Anyone can use the mapping. You can share the mapping with multiple other peers, and they could all send traffic to it.

Address Dependent Filtering

Only the host the mapping was created for can use the mapping. If you send a packet to host A you can only get a response from that same host. If host B attempts to send a packet to that mapping, it will be ignored.

Address and Port Dependent Filtering

Only the host and port for which the mapping was created for can use that mapping. If you send a packet to A:5000 you can only get a response from that same host and port. If A:5001 attempts to send a packet to that mapping, it will be ignored.

Mapping Refresh

It is recommended that if a mapping is unused for 5 minutes it should be destroyed. This is entirely up to the ISP or hardware manufacturer.

STUN

STUN(Session Traversal Utilities for NAT) is a protocol that was created just for working with NATs. This is another technology that pre-dates WebRTC (and ICE!). It is defined by RFC 5389 which also defines the STUN packet structure. The STUN protocol is also used by ICE/TURN.
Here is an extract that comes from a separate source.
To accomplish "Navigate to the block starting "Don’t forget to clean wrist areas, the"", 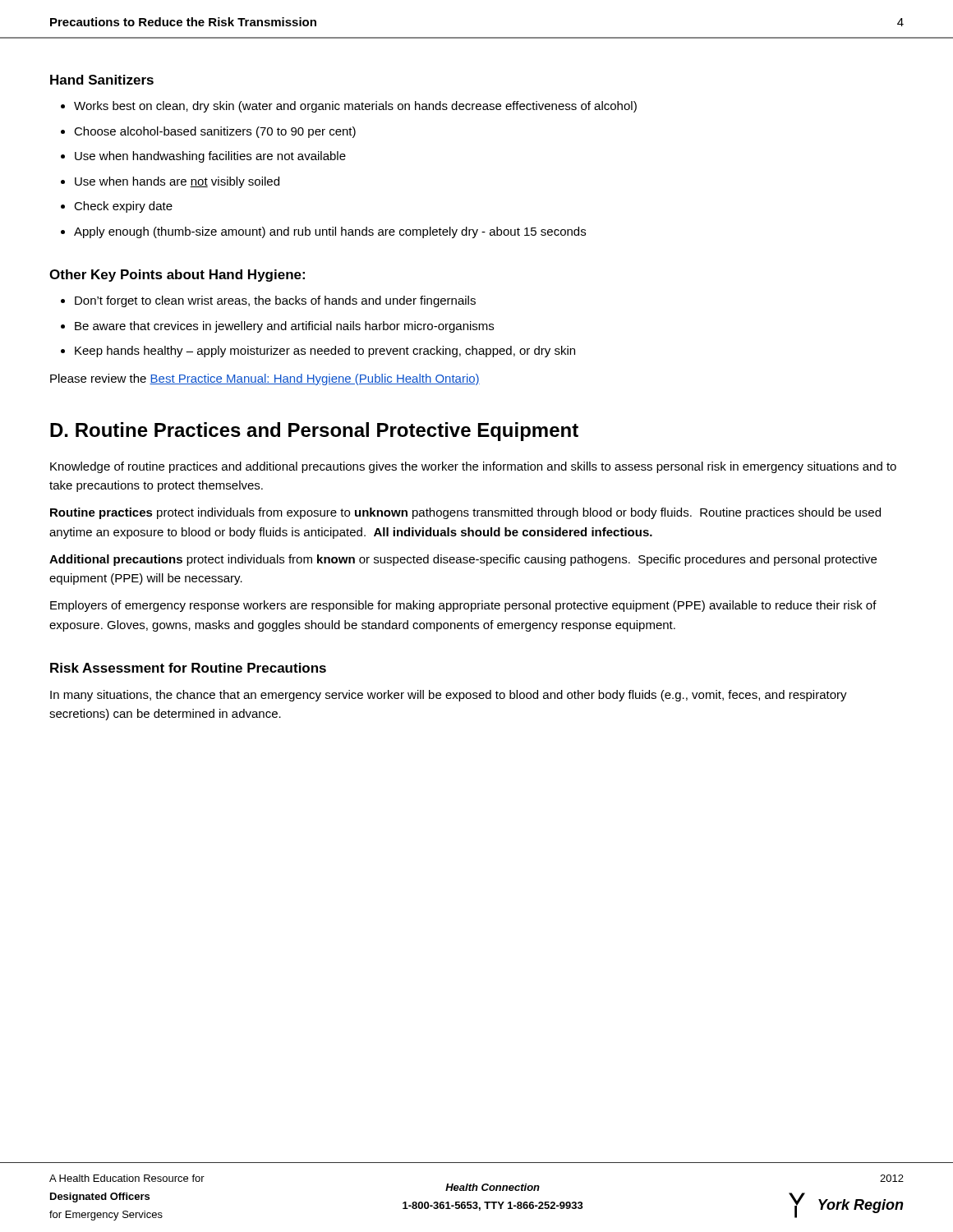I will click(x=275, y=300).

STUN is useful because it allows the programmatic creation of NAT Mappings. Before STUN, we were able to create NAT Mappings, but we had no idea what the IP/Port of it was! STUN not only gives you the ability to create a mapping, but you also get the details so you can share it with others so they can send traffic to you via the mapping you created.

TURN

TURN (Traversal Using Relays around NAT) is defined in RFC5766 as the solution when direct connectivity isn’t possible. It could be because you have two NAT Types that are incompatible, or maybe can’t speak the same protocol! TURN is also important for privacy purposes. By running all your communication through TURN you obscure the client’s actual address.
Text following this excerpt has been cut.